(Beginning of Provided material)
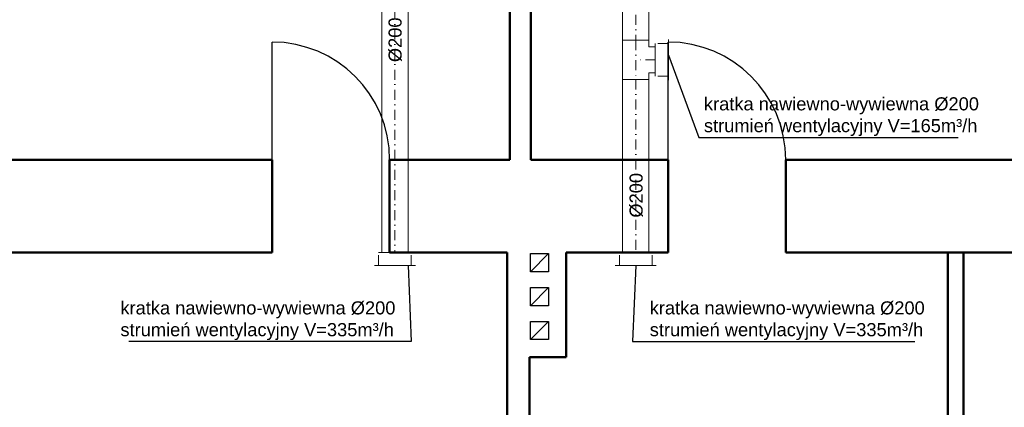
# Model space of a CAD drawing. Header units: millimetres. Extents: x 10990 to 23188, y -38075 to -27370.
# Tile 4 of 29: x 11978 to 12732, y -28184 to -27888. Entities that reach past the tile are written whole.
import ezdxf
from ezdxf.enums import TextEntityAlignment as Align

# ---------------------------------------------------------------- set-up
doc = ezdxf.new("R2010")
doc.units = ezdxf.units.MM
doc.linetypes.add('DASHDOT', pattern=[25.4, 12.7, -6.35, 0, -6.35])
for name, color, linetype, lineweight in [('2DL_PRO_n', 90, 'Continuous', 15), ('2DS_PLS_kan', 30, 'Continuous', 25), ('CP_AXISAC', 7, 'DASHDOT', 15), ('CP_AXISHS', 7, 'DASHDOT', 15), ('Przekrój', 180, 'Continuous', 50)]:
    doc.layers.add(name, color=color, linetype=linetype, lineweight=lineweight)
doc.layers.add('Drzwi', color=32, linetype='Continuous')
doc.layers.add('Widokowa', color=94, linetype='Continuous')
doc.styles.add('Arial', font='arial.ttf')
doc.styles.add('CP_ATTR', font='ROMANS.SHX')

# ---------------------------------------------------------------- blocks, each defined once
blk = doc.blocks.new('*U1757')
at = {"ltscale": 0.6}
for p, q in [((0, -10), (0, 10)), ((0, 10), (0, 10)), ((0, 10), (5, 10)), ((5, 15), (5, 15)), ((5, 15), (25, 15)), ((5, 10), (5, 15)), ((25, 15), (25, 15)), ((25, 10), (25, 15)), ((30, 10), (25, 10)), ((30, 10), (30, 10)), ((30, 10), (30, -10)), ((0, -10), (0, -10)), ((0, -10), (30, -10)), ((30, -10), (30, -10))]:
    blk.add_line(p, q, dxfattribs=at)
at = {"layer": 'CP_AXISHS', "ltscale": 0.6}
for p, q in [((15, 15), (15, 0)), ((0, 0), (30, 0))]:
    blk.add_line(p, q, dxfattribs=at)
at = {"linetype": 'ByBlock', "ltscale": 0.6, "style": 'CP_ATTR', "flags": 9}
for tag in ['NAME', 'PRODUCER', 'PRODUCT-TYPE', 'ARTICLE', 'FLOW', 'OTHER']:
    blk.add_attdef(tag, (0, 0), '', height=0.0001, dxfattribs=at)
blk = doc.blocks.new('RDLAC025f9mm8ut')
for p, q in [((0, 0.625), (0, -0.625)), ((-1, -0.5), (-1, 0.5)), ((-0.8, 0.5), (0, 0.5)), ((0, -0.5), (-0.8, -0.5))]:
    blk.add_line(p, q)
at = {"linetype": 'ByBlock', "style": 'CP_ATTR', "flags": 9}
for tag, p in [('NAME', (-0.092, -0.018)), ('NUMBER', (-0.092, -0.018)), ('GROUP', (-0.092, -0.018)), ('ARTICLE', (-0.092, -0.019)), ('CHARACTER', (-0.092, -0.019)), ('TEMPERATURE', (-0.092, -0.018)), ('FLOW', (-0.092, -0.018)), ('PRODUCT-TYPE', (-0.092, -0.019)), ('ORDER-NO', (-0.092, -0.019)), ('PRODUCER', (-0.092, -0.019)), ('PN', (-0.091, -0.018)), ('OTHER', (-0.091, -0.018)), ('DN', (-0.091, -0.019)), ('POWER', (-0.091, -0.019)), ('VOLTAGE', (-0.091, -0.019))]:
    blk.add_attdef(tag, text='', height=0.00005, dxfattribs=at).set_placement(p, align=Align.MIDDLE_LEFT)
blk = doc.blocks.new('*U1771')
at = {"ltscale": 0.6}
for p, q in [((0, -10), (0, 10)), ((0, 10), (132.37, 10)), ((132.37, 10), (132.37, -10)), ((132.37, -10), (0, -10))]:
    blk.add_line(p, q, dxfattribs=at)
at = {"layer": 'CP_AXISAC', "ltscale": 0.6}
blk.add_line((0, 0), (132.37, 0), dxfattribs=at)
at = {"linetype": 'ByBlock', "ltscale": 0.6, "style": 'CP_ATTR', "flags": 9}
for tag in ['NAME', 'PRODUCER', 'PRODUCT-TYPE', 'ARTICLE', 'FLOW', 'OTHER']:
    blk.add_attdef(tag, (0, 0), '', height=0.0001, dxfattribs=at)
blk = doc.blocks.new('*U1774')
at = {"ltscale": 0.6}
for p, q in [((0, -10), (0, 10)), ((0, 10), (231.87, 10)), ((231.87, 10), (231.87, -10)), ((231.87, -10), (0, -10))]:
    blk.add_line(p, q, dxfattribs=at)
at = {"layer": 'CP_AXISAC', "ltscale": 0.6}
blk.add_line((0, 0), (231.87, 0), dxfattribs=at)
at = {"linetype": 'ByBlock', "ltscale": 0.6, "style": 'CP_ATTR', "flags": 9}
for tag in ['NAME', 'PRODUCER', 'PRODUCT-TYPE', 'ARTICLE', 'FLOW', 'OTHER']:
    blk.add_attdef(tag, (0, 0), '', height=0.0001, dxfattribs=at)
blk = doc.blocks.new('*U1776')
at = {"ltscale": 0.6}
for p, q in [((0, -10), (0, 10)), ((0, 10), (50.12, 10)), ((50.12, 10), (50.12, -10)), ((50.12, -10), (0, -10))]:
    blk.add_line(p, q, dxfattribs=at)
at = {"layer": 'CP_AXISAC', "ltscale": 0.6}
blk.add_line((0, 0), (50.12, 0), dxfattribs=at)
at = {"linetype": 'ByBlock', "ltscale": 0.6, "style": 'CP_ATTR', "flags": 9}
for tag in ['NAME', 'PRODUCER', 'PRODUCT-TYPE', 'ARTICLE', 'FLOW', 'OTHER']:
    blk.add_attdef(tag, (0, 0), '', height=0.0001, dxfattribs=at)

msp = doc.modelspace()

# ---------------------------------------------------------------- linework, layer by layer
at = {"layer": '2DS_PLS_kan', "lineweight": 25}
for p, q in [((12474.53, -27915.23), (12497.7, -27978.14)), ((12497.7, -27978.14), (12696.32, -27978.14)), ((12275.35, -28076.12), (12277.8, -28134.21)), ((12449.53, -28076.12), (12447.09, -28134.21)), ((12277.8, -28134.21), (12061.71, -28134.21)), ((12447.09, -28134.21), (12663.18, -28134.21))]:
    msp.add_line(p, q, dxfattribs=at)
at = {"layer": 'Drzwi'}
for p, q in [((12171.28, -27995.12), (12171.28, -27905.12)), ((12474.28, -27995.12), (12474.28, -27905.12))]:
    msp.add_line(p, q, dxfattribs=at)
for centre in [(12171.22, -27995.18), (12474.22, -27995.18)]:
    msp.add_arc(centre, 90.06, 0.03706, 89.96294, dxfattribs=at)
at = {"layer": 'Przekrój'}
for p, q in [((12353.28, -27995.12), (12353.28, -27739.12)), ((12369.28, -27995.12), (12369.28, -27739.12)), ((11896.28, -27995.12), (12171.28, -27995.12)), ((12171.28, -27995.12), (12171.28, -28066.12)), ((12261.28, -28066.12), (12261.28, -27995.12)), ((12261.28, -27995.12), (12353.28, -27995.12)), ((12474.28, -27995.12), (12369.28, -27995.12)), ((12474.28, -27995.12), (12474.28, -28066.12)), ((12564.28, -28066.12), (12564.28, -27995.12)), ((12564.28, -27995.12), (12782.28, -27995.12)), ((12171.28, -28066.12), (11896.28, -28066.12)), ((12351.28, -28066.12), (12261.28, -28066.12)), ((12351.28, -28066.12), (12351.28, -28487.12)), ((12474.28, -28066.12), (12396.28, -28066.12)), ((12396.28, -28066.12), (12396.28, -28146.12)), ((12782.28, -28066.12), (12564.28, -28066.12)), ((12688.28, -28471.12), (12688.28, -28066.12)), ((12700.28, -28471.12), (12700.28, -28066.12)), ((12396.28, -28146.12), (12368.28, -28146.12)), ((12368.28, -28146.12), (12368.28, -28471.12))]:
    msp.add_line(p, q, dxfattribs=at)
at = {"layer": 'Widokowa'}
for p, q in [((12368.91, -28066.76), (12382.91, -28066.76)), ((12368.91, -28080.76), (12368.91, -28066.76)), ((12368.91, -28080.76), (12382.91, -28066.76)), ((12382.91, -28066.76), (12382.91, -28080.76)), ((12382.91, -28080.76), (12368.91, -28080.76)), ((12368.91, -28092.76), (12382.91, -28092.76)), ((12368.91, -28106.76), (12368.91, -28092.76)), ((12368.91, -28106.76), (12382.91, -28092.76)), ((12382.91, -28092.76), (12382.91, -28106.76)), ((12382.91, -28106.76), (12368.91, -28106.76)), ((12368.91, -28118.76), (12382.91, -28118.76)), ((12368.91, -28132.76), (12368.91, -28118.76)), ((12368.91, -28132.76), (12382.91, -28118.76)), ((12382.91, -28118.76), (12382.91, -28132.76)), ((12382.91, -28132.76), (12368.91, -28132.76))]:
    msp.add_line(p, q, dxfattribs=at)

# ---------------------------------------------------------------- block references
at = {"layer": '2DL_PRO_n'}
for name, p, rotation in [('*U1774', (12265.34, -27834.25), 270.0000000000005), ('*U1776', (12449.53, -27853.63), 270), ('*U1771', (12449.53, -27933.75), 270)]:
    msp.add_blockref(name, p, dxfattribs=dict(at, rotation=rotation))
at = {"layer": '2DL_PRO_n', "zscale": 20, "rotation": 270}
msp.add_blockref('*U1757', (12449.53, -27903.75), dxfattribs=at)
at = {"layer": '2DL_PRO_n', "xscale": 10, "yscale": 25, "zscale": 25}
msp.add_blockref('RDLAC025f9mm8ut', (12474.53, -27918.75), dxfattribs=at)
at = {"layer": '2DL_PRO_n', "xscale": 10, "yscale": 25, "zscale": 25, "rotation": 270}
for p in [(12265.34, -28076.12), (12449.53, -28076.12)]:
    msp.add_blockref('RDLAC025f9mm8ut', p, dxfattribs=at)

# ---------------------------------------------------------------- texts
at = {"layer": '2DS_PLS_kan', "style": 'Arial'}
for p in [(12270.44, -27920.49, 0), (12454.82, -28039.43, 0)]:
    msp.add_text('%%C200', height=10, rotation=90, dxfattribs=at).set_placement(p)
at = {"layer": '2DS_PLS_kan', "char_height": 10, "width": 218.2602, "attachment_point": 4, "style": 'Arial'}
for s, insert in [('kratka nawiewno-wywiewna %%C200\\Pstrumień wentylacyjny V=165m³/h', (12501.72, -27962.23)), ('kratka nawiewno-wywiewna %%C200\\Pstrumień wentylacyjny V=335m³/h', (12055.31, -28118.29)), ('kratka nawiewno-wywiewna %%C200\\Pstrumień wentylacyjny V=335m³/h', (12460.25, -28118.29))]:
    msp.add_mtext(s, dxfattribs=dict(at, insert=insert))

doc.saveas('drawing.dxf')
(End of Provided material)
> Exercise prompt
Go through the data above and count the lines that hold "import". Respond with the number and no other words.

> Result of this exercise
2